St Augustine speaks very eloquently in one of his sermons on the reasons Jesus chose this fisherman to be the first leader of his Church:

If Christ had first chosen a man skilled in public speaking, such a man might well have said: 'I have been chosen on account of my eloquence.' If he had chosen a senator, the senator might have said: 'I have been chosen because of my rank.' If his first choice had been an emperor, the emperor surely might have said: 'I have been chosen for the sake of the power I have at my disposal.' Let these worthies keep quiet and defer to others; let them hold their peace for a while. I am not saying they should be passed over or despised; I am simply asking all those who can find any ground for pride in what they are to give way to others just a little.

Christ says: give me this fisherman, this man without education or experience, this man to whom no senator would deign to speak, not even if he were buying fish. Yes, give me him; once I have taken possession of him, it will be obvious that it is I who am at work in him. Although I meant to include senators, orators, and emperors among my recruits, even when I have won over the senator I shall still be surer of the fisherman. The senator can always take pride in what he is; so can the orator and the emperor, but the fisherman can glory in nothing except Christ alone.

I was particularly struck by St Augustine's observation that perhaps a senator mightn't bother to speak to a fisherman even when buying fish from him. I remember being at a birthday party in the Philippines for a boy aged ten or eleven, an only child. His paternal grandmother, a wealthy woman, whom I'll call 'Lydia', had invited me when we happened to cross each other's path in the city where her son's family lived. Her late husband had lingered for ten years after a stroke that left him totally incapacitated. During those years Lydia joined a prayer group, most of the members of which were people who had to struggle financially from day to day. They prayed regularly with Lydia's husband and gave her great support.
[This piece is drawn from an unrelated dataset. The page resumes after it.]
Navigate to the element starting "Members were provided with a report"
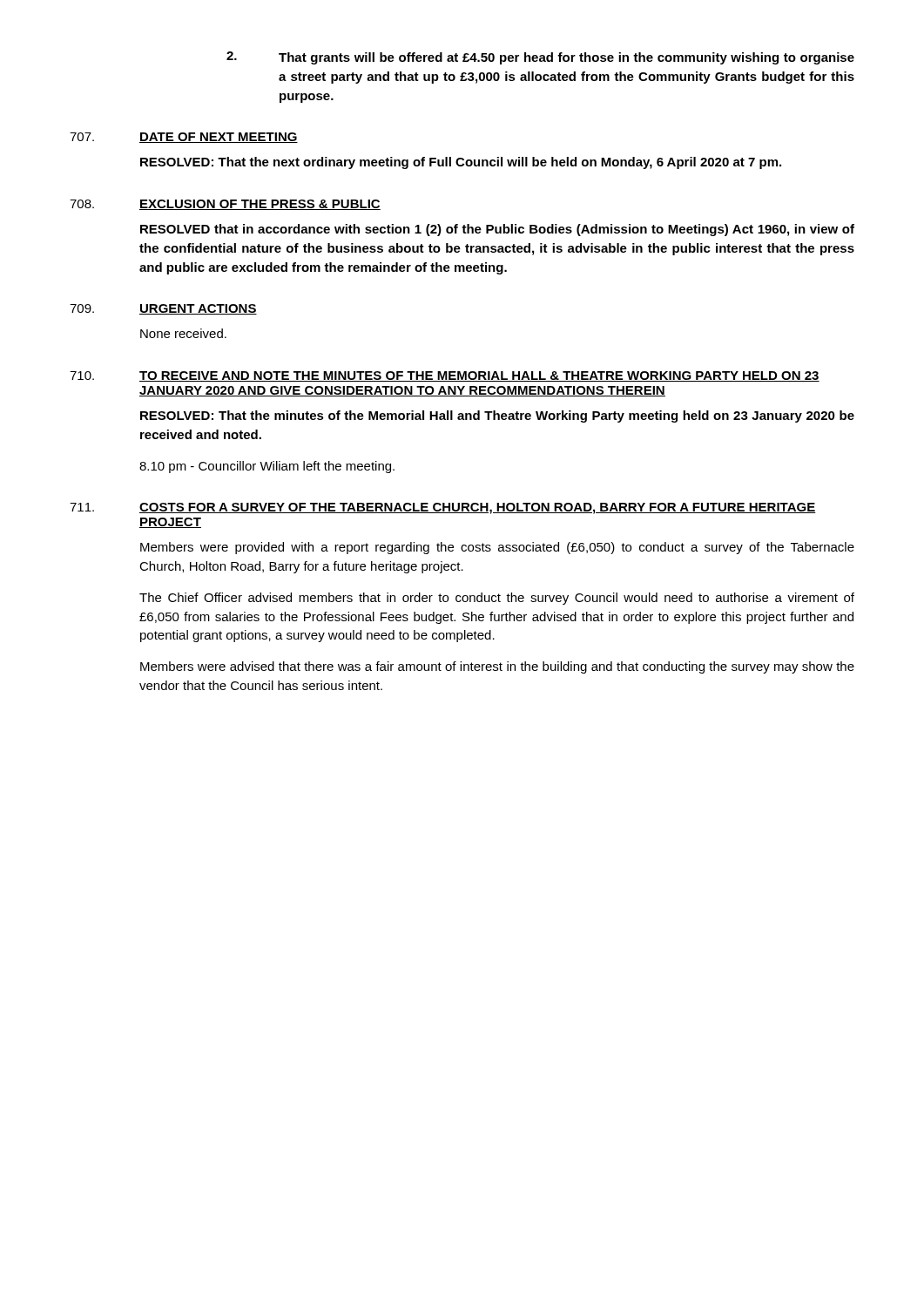 tap(497, 556)
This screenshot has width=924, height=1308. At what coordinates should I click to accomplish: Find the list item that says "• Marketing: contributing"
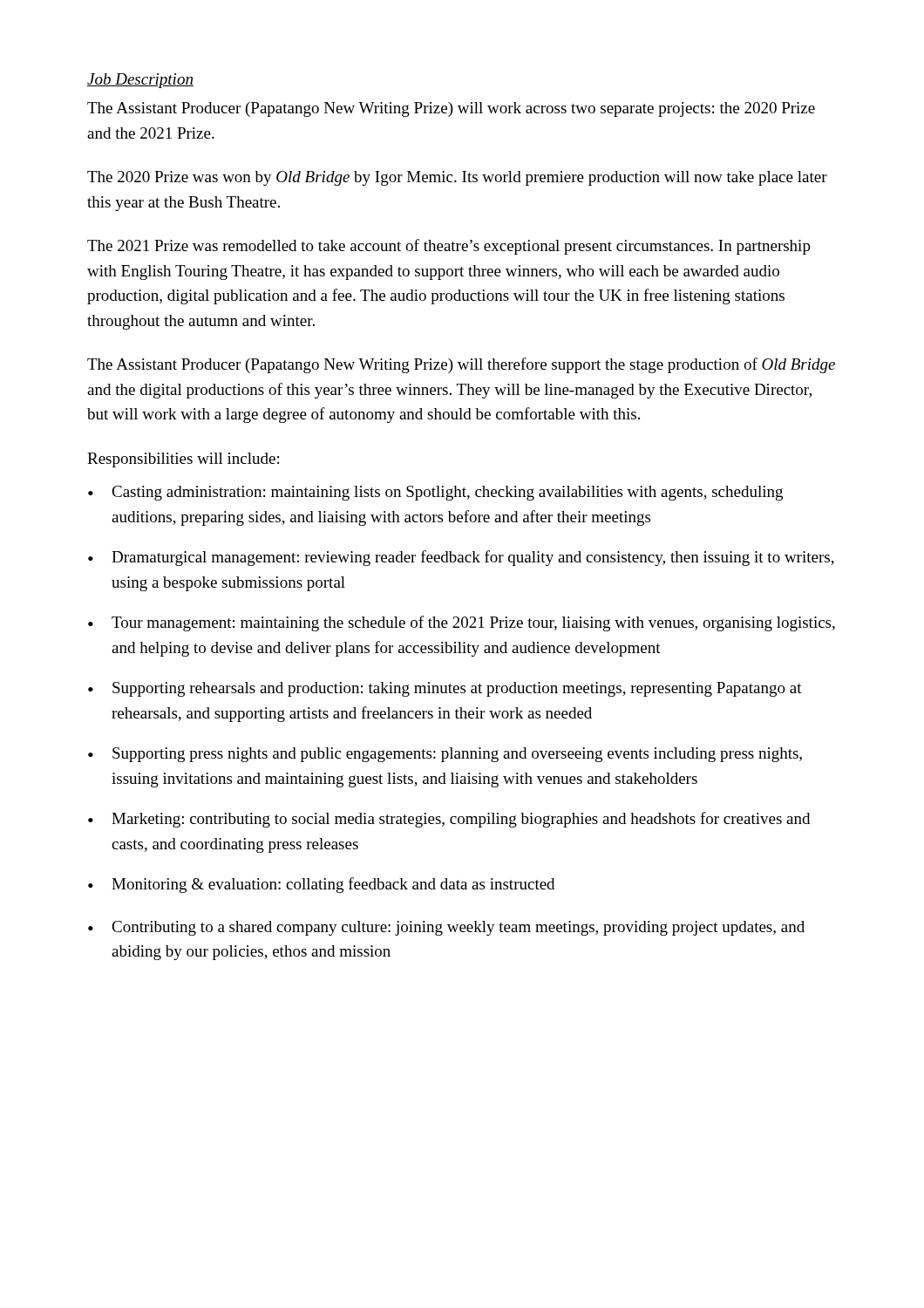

At her grandson's birthday party she asked her daughter-in-law if her driver had eaten. Then she turned to me and said, Before, I wouldn't even have noticed him. She had been changed by the faith community in her parish, especially by the members of the prayer group.

Benedict XVI with Pilgrims, World Youth Day 2011, Madrid

At the closing Mass of World Youth Day in Madrid on 21 August 2011 today's Gospel was proclaimed. In his homily Pope Benedict XVI spoke about what I see as the experience of Lydia [emphases added]:

Dear young friends, as the Successor of Peter, let me urge you to strengthen this faith which has been handed down to us from the time of the Apostles. Make Christ, the Son of God, the centre of your life. But let me also remind you that following Jesus in faith means walking at his side in the communion of the Church. We cannot follow Jesus on our own. Anyone who would be tempted to do so 'on his own', or to approach the life of faith with that kind of individualism so prevalent today, will risk never truly encountering Jesus, or will end up following a counterfeit Jesus.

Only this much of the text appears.